Distribute Candies to People

easy array simulation math

Problem

We distribute some number of candies to a row of num_people people in the following way. We give 1 candy to the first person, 2 to the second, and so on up to num_people candies to the last person. Then we go back to the start, giving num_people + 1 candies to the first person, num_people + 2 to the second, and so on. This continues, each turn giving one more candy than the last, wrapping around as needed, until we run out of candies. The last person to receive candies gets all the remaining candies, even if it is fewer than what they would otherwise be given.
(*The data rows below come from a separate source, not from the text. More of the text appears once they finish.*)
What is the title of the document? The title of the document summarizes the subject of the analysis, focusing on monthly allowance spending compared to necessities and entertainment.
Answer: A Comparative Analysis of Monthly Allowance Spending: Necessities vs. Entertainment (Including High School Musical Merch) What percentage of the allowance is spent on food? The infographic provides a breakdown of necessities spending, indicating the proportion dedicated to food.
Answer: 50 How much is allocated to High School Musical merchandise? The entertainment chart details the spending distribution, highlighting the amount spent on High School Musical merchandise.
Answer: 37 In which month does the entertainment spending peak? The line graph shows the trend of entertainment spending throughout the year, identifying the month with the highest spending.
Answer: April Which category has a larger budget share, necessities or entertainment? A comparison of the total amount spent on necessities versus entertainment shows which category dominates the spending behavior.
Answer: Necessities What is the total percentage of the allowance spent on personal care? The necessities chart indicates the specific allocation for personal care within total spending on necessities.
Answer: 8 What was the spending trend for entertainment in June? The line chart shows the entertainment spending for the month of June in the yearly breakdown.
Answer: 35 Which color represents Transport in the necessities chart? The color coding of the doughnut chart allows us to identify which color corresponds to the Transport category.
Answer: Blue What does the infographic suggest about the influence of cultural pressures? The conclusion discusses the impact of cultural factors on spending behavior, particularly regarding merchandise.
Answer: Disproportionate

Return an array of length num_people showing the final count each person holds.

Inputcandies = 7, num_people = 4

Output[1, 2, 3, 1]

Hand out 1, 2, 3, then only 1 candy remains for person 4 (would be 4, but capped at 1).

candies

num_people

def distribute_candies(candies, num_people):
    res = [0] * num_people
    give = 1
    i = 0
    while candies > 0:
        amount = min(give, candies)
        res[i % num_people] += amount
        candies -= amount
        give += 1
        i += 1
    return res

function distributeCandies(candies, numPeople) {
  const res = new Array(numPeople).fill(0);
  let give = 1, i = 0;
  while (candies > 0) {
    const amount = Math.min(give, candies);
    res[i % numPeople] += amount;
    candies -= amount;
    give += 1;
    i += 1;
  }
  return res;
}

class Solution {
    public int[] distributeCandies(int candies, int numPeople) {
        int[] res = new int[numPeople];
        int give = 1, i = 0;
        while (candies > 0) {
            int amount = Math.min(give, candies);
            res[i % numPeople] += amount;
            candies -= amount;
            give += 1;
            i += 1;
        }
        return res;
    }
}

vector<int> distributeCandies(int candies, int numPeople) {
    vector<int> res(numPeople, 0);
    int give = 1, i = 0;
    while (candies > 0) {
        int amount = min(give, candies);
        res[i % numPeople] += amount;
        candies -= amount;
        give += 1;
        i += 1;
    }
    return res;
}

Explanation

The cleanest way to solve this is to simply act out the handing-out process exactly as described, one turn at a time, until the candy runs out. No formula needed — we just keep a running count.

We track three things: res (how much each person holds), give (how many candies this turn should hand out, starting at 1 and growing by one each turn), and i (which turn we are on). The person who gets candy is i % num_people, which makes the line wrap back around to the start automatically.

On each turn we give amount = min(give, candies). The min is the important guard: if fewer candies remain than we would normally give, the last person just gets whatever is left. We add that to their total, subtract it from the remaining candies, and bump give and i.

Example: candies = 7, num_people = 4. Turn 1 gives 1 to person 0, turn 2 gives 2 to person 1, turn 3 gives 3 to person 2 (now 1 candy left), turn 4 would give 4 to person 3 but only 1 remains, so they get 1. Result: [1, 2, 3, 1].

Since the amounts grow each turn, the candy is used up quickly, so the number of turns stays small relative to the candy count.

Time: O(√candies) Space: O(num_people)